The blade fell from his grasp, his frame shook, and he sank at her feet, hiding his face in his hands.
She stooped quickly, picked up the fallen poniard, and adjusted her dress. “ Listen,” she said, between her breathing, and forcing his hands from his face. “ Death is not sweet to those who love, but it is sweet to those who hate. Dost thou remember the dead we left to the vultures by the Weser ? In the night their wounds cry out to me. If I lead thee to his chamber,” — she lowered her voice, — “ the king’s, that were a thing worth dying for; I and thee together.”
She raised her head. Brother Dominic was tapping irresolutely at the door.
“ To die ! ” she whispered passionately in his ear. “ Nay, I will not have it so ! I love thee — we will fly. Leave it only to me — I have a way. For him, death and justice; for us, life and love.” He had caught her again in his arms. “Nay, nay.” She struggled. “ Loose thy hold. Let me go. The monk will rouse the house. My shoes ! ” She slipped her sandaled feet into them, drew back the bolt, cast a quick look of promise and triumph at her lover, and closed the door behind her.
Brother Dominic, waiting impatiently without, had at first laid his ear to the door and listened. Then, fearful of discovery. he hid himself in an angle, squatting in the shadow. He had forgotten the five canticles, upon whose efficacy he relied in hours of peril, but had resolved to put an end to this mystery. when the girl opened the door suddenly upon him.
“ Dear monk,” she said, pressing his hand in her own, “ I have seen thy carpet: another time I will see thee. Thou hast done me service, and when I come again I will pay thee in what coin thou wilt; only be discreet. Farewell.”
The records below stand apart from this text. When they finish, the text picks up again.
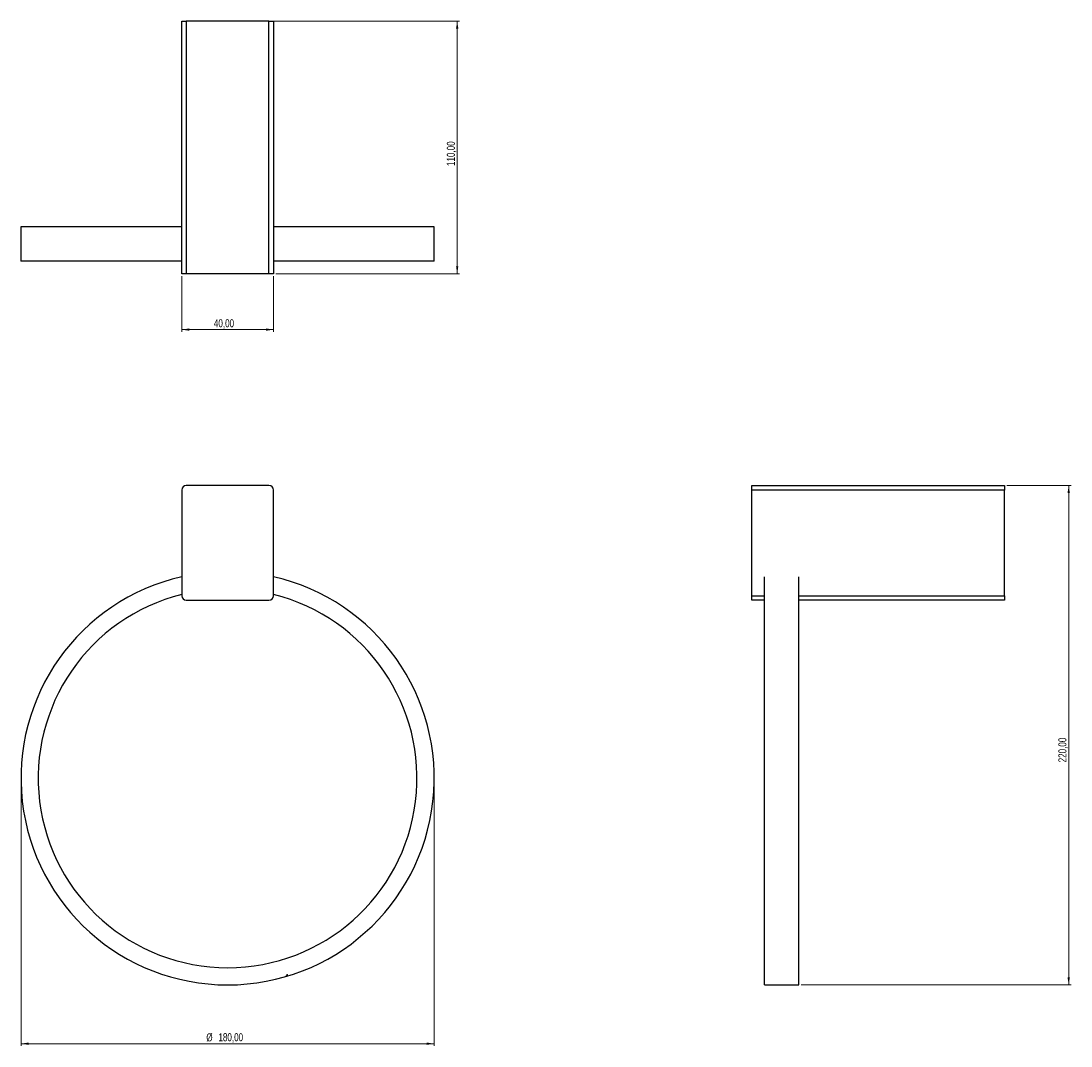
# Model space of a CAD drawing. Header units: millimetres. Extents: x 521 to 978, y 326 to 773.
import ezdxf

# ---------------------------------------------------------------- set-up
doc = ezdxf.new("R2010")
doc.units = ezdxf.units.MM
doc.styles.add('SLDTEXTSTYLE0', font='TXT', dxfattribs={"width": 0.75})
doc.dimstyles.new('SLDDIMSTYLE0', dxfattribs={"dimtxt": 3.5, "dimasz": 3.302, "dimexe": 0, "dimexo": 0.0625, "dimgap": 0.875, "dimtad": 1, "dimrnd": 1e-09, "dimzin": 12, "dimdsep": 46, "dimtxsty": 'SLDTEXTSTYLE0', "dimsah": 1, "dimcen": 0.09, "dimadec": 0, "dimazin": 3, "dimtfac": 1, "dimtofl": 0, "dimtmove": 0, "dimatfit": 3, "dimfxl": 0, "dimfrac": 2, "dimtolj": 1, "dimtzin": 12, "dimarcsym": 0})

# ---------------------------------------------------------------- blocks, each defined once
blk = doc.blocks.new('_D')
at = {"color": 7, "linetype": 'Continuous', "lineweight": 0}
for p, q in [((950.14, 570.35), (978.14, 570.35)), ((977.14, 570.35), (977.14, 352.83)), ((860.64, 352.83), (978.14, 352.83))]:
    blk.add_line(p, q, dxfattribs=at)
at = {"color": 7, "linetype": 'Continuous', "lineweight": 18}
for points in [[(977.14, 570.35), (976.63, 567.05), (977.65, 567.05)], [(977.14, 352.83), (977.65, 356.13), (976.63, 356.13)]]:
    blk.add_solid(points, dxfattribs=at)
at = {"color": 7, "linetype": 'Continuous', "lineweight": 18, "insert": (972.63, 449.76), "char_height": 3.5, "attachment_point": 1, "rotation": 90, "style": 'SLDTEXTSTYLE0'}
blk.add_mtext('220,00', dxfattribs=at)
blk = doc.blocks.new('_D_1')
at = {"color": 7, "linetype": 'Continuous', "lineweight": 0}
for p, q in [((520.77, 446.93), (520.77, 326.22)), ((700.77, 444.68), (700.77, 326.22)), ((520.77, 327.22), (700.77, 327.22))]:
    blk.add_line(p, q, dxfattribs=at)
at = {"color": 7, "linetype": 'Continuous', "lineweight": 18}
for points in [[(520.77, 327.22), (524.07, 326.71), (524.07, 327.73)], [(700.77, 327.22), (697.46, 327.73), (697.46, 326.71)]]:
    blk.add_solid(points, dxfattribs=at)
at = {"color": 7, "linetype": 'Continuous', "lineweight": 18, "char_height": 3.5, "attachment_point": 1, "style": 'SLDTEXTSTYLE0'}
for s, insert in [('%%c', (601.49, 331.73)), ('180,00', (606.77, 331.79))]:
    blk.add_mtext(s, dxfattribs=dict(at, insert=insert))
blk = doc.blocks.new('_D_2')
at = {"color": 7, "linetype": 'Continuous', "lineweight": 0}
for p, q in [((611.77, 772.66), (711.77, 772.66)), ((710.77, 772.66), (710.77, 662.57)), ((631.77, 662.57), (711.77, 662.57))]:
    blk.add_line(p, q, dxfattribs=at)
at = {"color": 7, "linetype": 'Continuous', "lineweight": 18}
for points in [[(710.77, 772.66), (710.26, 769.36), (711.27, 769.36)], [(710.77, 662.57), (711.27, 665.87), (710.26, 665.87)]]:
    blk.add_solid(points, dxfattribs=at)
at = {"color": 7, "linetype": 'Continuous', "lineweight": 18, "insert": (706.25, 709.49), "char_height": 3.5, "attachment_point": 1, "rotation": 90, "style": 'SLDTEXTSTYLE0'}
blk.add_mtext('110,00', dxfattribs=at)
blk = doc.blocks.new('_D_3')
at = {"color": 7, "linetype": 'Continuous', "lineweight": 0}
for p, q in [((590.77, 661.57), (590.77, 637.25)), ((630.77, 661.57), (630.77, 637.25)), ((630.77, 638.25), (590.77, 638.25))]:
    blk.add_line(p, q, dxfattribs=at)
at = {"color": 7, "linetype": 'Continuous', "lineweight": 18}
for points in [[(590.77, 638.25), (594.07, 637.74), (594.07, 638.76)], [(630.77, 638.25), (627.46, 638.76), (627.46, 637.74)]]:
    blk.add_solid(points, dxfattribs=at)
at = {"color": 7, "linetype": 'Continuous', "lineweight": 18, "insert": (604.8, 642.76), "char_height": 3.5, "attachment_point": 1, "style": 'SLDTEXTSTYLE0'}
blk.add_mtext('40,00', dxfattribs=at)

msp = doc.modelspace()

# ---------------------------------------------------------------- linework, layer by layer
at = {"color": 7, "linetype": 'Continuous', "lineweight": 25}
for p, q in [((590.766, 662.569), (590.766, 772.569)), ((590.766, 772.569), (592.766, 772.569)), ((592.766, 772.569), (592.766, 662.569)), ((628.766, 772.569), (592.766, 772.569)), ((628.766, 662.569), (628.766, 772.569)), ((628.766, 772.569), (630.766, 772.569)), ((630.766, 772.569), (630.766, 662.569)), ((520.766, 683.069), (520.766, 668.069)), ((590.766, 683.069), (520.766, 683.069)), ((700.766, 683.069), (630.766, 683.069)), ((700.766, 668.069), (700.766, 683.069)), ((590.766, 668.069), (520.766, 668.069)), ((700.766, 668.069), (630.766, 668.069)), ((592.766, 662.569), (590.766, 662.569)), ((628.766, 662.569), (592.766, 662.569)), ((630.766, 662.569), (628.766, 662.569)), ((590.766, 568.354), (590.766, 522.354)), ((628.766, 570.354), (592.766, 570.354)), ((630.766, 522.354), (630.766, 568.354)), ((839.138, 570.354), (949.138, 570.354)), ((839.138, 568.354), (839.138, 570.354)), ((839.138, 522.354), (839.138, 568.354)), ((949.138, 568.354), (839.138, 568.354)), ((949.138, 570.354), (949.138, 568.354)), ((949.138, 522.354), (949.138, 568.354)), ((844.638, 352.832), (844.638, 530.582)), ((859.638, 352.832), (859.638, 530.582)), ((839.138, 520.354), (839.138, 522.354)), ((839.138, 522.354), (844.638, 522.354)), ((859.638, 522.354), (949.138, 522.354)), ((949.138, 522.354), (949.138, 520.354)), ((592.766, 520.354), (628.766, 520.354)), ((844.638, 520.354), (839.138, 520.354)), ((949.138, 520.354), (859.638, 520.354)), ((844.638, 352.832), (859.638, 352.832))]:
    msp.add_line(p, q, dxfattribs=at)
at = {"color": 7, "linetype": 'Continuous', "lineweight": 18}
msp.add_circle((636.661, 356.998), 0.345, dxfattribs=at)
at = {"color": 7, "linetype": 'Continuous', "lineweight": 25}
for centre, radius, start, end in [((592.766, 568.354), 2, 90, 180), ((628.766, 568.354), 2, 0, 90), ((610.766, 442.832), 90, 102.83959, 77.16041), ((610.766, 442.832), 82.5, 104.02967, 75.97033), ((592.766, 522.354), 2, 180, 270), ((628.766, 522.354), 2, 270, 0)]:
    msp.add_arc(centre, radius, start, end, dxfattribs=at)

# ---------------------------------------------------------------- dimensions: what is measured, and where the dimension line sits
at = {"color": 7, "linetype": 'Continuous', "lineweight": 18}
for base, p1, p2, picture, middle in [((710.766, 662.569), (610.766, 772.661), (630.766, 662.569), '_D_2', (710.766, 716.605)), ((977.138, 352.832), (949.138, 570.354), (859.638, 352.832), '_D', (977.138, 456.87))]:
    dim = msp.add_linear_dim(base=base, p1=p1, p2=p2, angle=90, dimstyle='SLDDIMSTYLE0', dxfattribs=at)
    dim.commit()
    dim.dimension.update_dxf_attribs({"geometry": picture, "text_midpoint": middle, "dimtype": 160})
dim = msp.add_linear_dim(base=(700.766, 327.22), p1=(520.766, 668.069), p2=(700.766, 668.069), text='%%c<>', dimstyle='SLDDIMSTYLE0', dxfattribs=at)
dim.commit()
dim.dimension.update_dxf_attribs({"geometry": '_D_1', "text_midpoint": (611.245, 327.22), "dimtype": 160})
dim = msp.add_linear_dim(base=(590.766, 638.251), p1=(630.766, 662.569), p2=(590.766, 662.569), dimstyle='SLDDIMSTYLE0', dxfattribs=at)
dim.commit()
dim.dimension.update_dxf_attribs({"geometry": '_D_3', "text_midpoint": (610.616, 638.251), "dimtype": 160})

doc.saveas('drawing.dxf')

Enveloped in her cloak, she hurried through the arch into the street. She had done well to come ! Friedgis was seeking her. She had felt sure of it. He knew where to look, too; the girl had told him. Who was this girl ? Aye. she had done well to come. What wax men were in soft hands! That was a happy thought, to say the king loved her : if it were only so indeed ! Just now she might have slain Friedgis, when he lay at her feet, and, again, when he held his lips to hers. The temptation was strong, though the monk was at the door, — she loathed him so. But this was better. The idea came to her when the prior said the Greek had not come. Pray God he might not come ! As she hurried on, she met the prior returning home. There was another with him, and the two were laughing. “Fool ! ” she said to herself, turning to gaze after them. “ Fret not over thy Greek. I have one to take his place, one whom I fear not to use thy blade upon, — only, by thy God, dear prior, I will use it before he goes in to the king, and I will waken the king myself. If he gave the monk Fardolphus an abbey for revealing the Hunchback’s plot, he will give me my lover. Nay, what will he not give, if I have but the wit to ask aright ? ” And in her exultation a cry of triumph burst from her lips.
XVI.
It was one of those mornings such as come only in the early autumn. The air was crisp, sonorous, and still. On inhaling this air, so pure, so invigorating, one thought of the wood, its odors and lights, its leaves and birds. The king had gone to Frankenburg to hunt, and no wonder. For some other day, less alluring, the sordid suit, the pitiful complaint, the accounts of the vidame ; for some other day, less fair, the disputations of the school, those terrible questions, What is man, what is life, what is death ? and those terrible answers, A guest in his own abode, the expectation of death, a doubtful journey. To-day, a spear, a horse, and the wood !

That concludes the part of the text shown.